Date:        Fri, 14 Jun 2019 07:32:27 +0000
    From:        Austin Group Bug Tracker <[email protected]>
    Message-ID:  <[email protected]>

I don't think this is worthy of a note, but:

  | So the two meanings of \ can never both be applied to the same pattern.

Not quite.   I agree with your basic premise, but it does not lead to
quite that conclusion.

Consider (using case patterns, as they're easier to demonstrate, but
the same applies to globs and substring extraction):

        V='\.'

        case "$word" in
        \\$V)   printf %s\\n  "match: ${word}";;
        *)      printf %s\\n  "no match: ${word}";;
        esac

In that pattern, the \\ becomes \ (and a literal quoted char) following
normal shell quoting rules (it could have also been entered as '\'),
whereas the \ in $V is an escape char for the '.' that follows.   The
effect is to match the word '\.' and nothing else (since all sh matches
are anchored both ends).

What you mean to say, I believe, is that exactly one interpretation is
possible for each \ in the pattern, it is never ambiguous which applies.

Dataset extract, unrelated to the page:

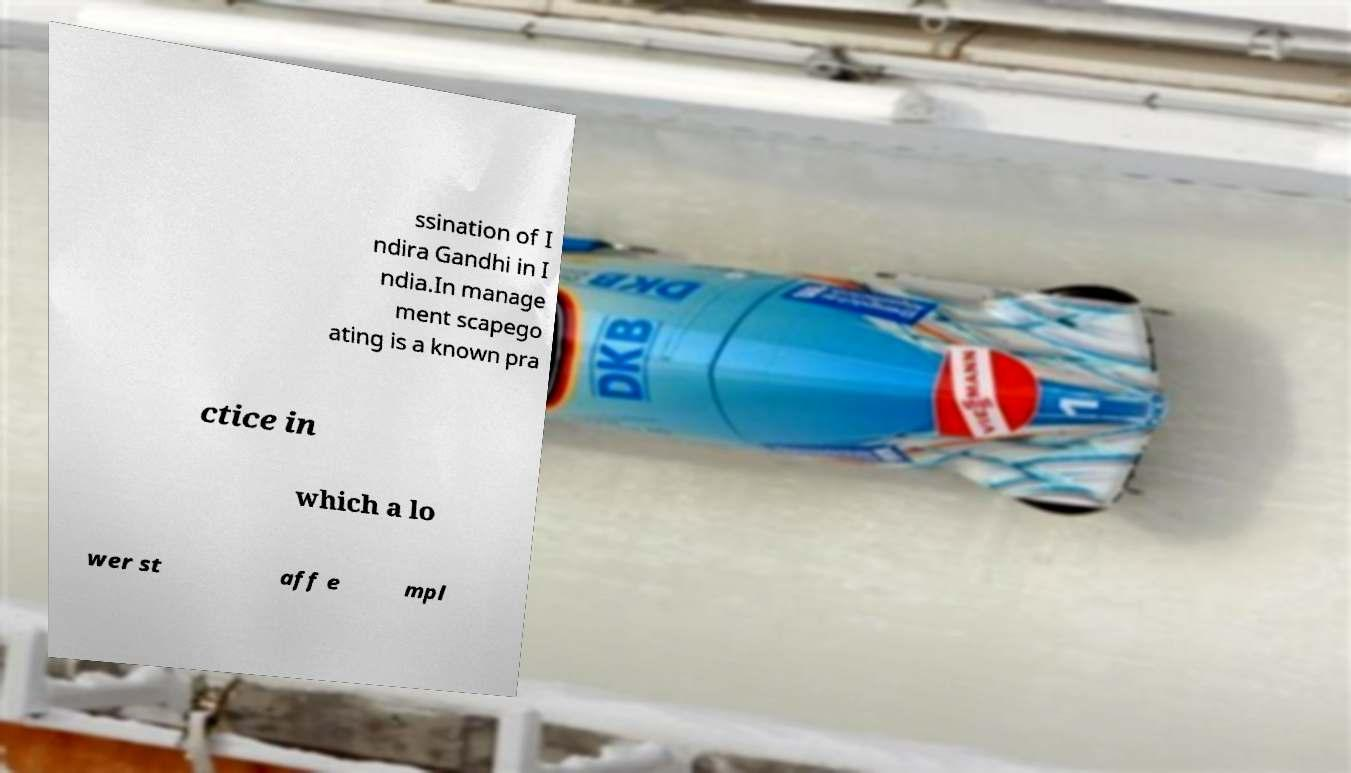Can you read and provide the text displayed in the image?This photo seems to have some interesting text. Can you extract and type it out for me? ssination of I ndira Gandhi in I ndia.In manage ment scapego ating is a known pra ctice in which a lo wer st aff e mpl 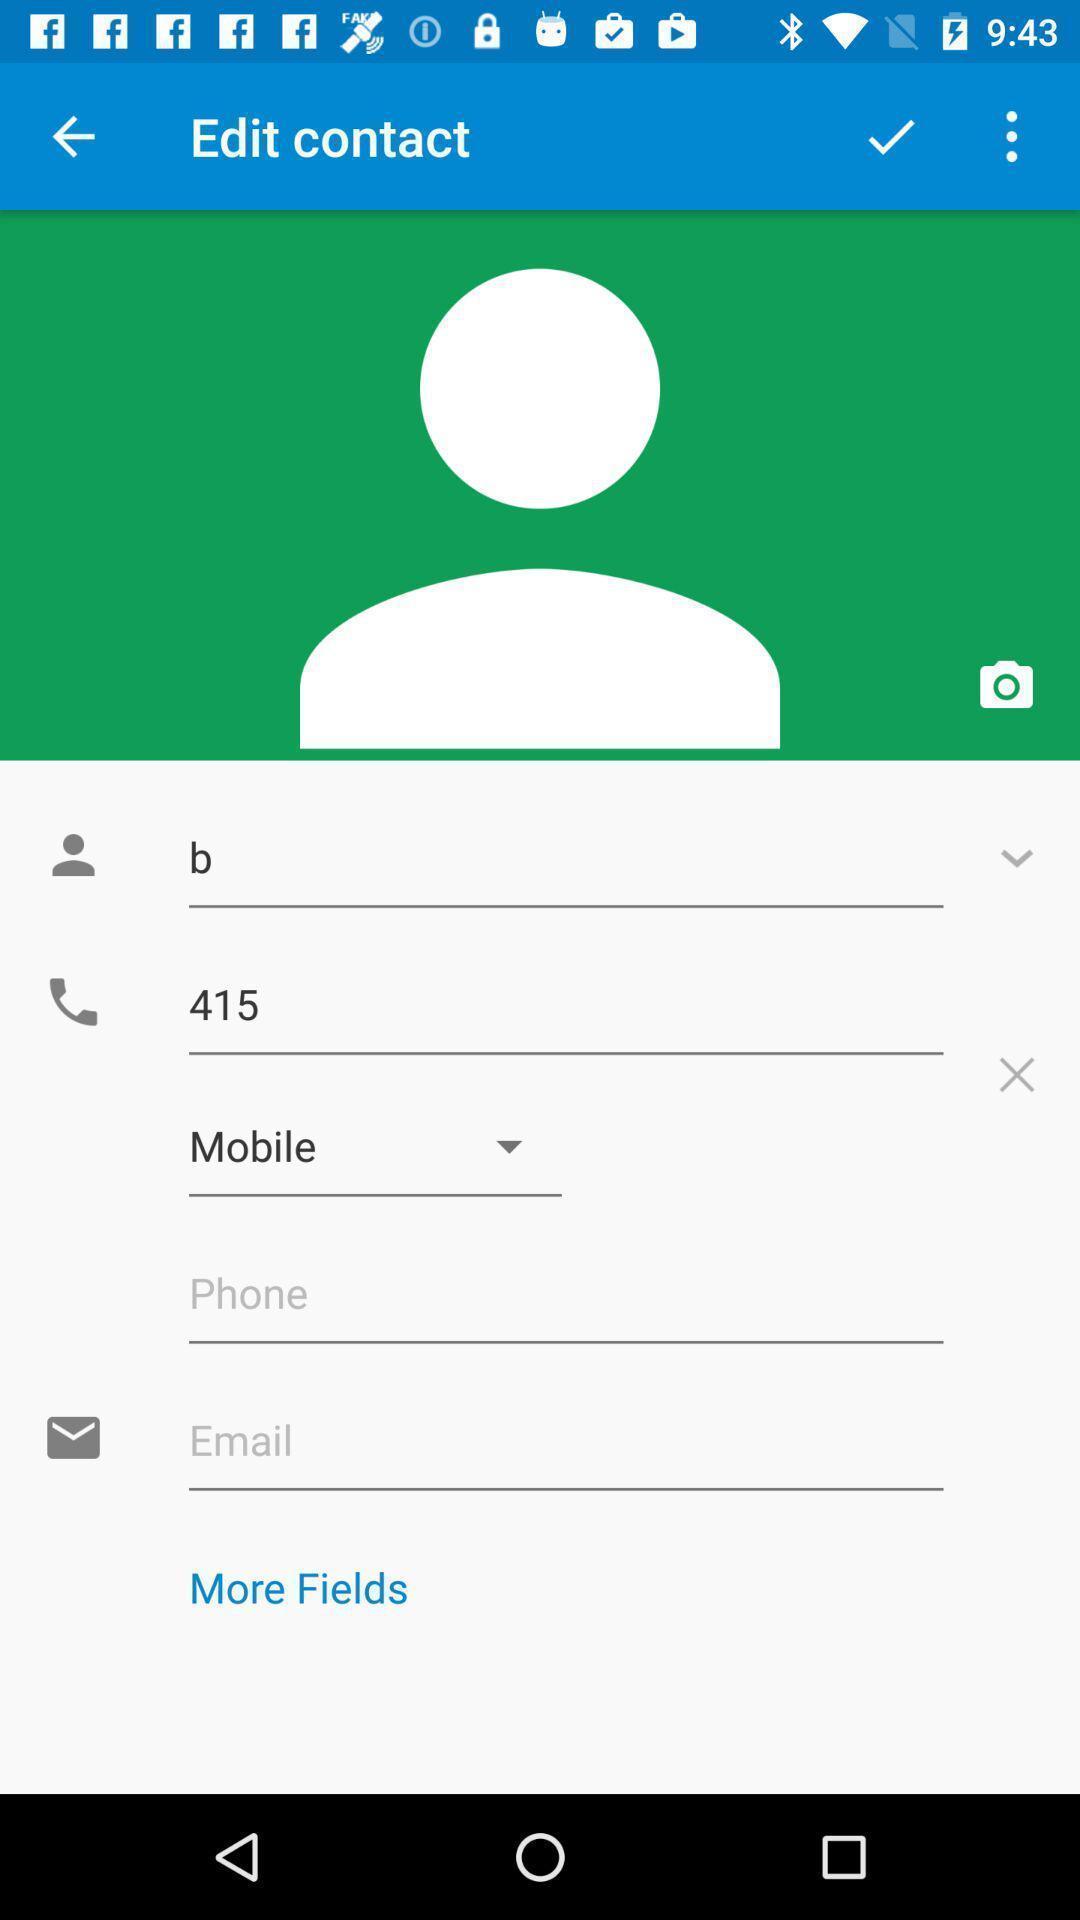What is the overall content of this screenshot? Page shows to edit your contact.

Any \ entered in the shell script literally is always either a quoting
character, and is never seen as anything but that (it is never a \ char)
or has been quoted itself, and so is a quoted literal backslash char in
all contexts including patterns.

A \ that appears as the result of an expansion depends upon whether the
expansion was quoted (must have been within double quotes, or an equivalent
context like a here doc, or uselesslly, arithmetic) in which case it is
like everything else that has been quoted, a literal char, or if the
expansion was unquoted, the \ is then a pattern quoting char (and there
needs to be 2 of them to get a literal \ in the pattern that way).

  | I think we should make this clear by rearranging 2.13.1 to describe
  | them one after the other, emphasising the different contexts:

Seems reasonable to me.   As I (vaguelly) recall, I was supposed to
be proposing new text for some of this, but have been side tracked
by unrelated (nothing related to here) issues...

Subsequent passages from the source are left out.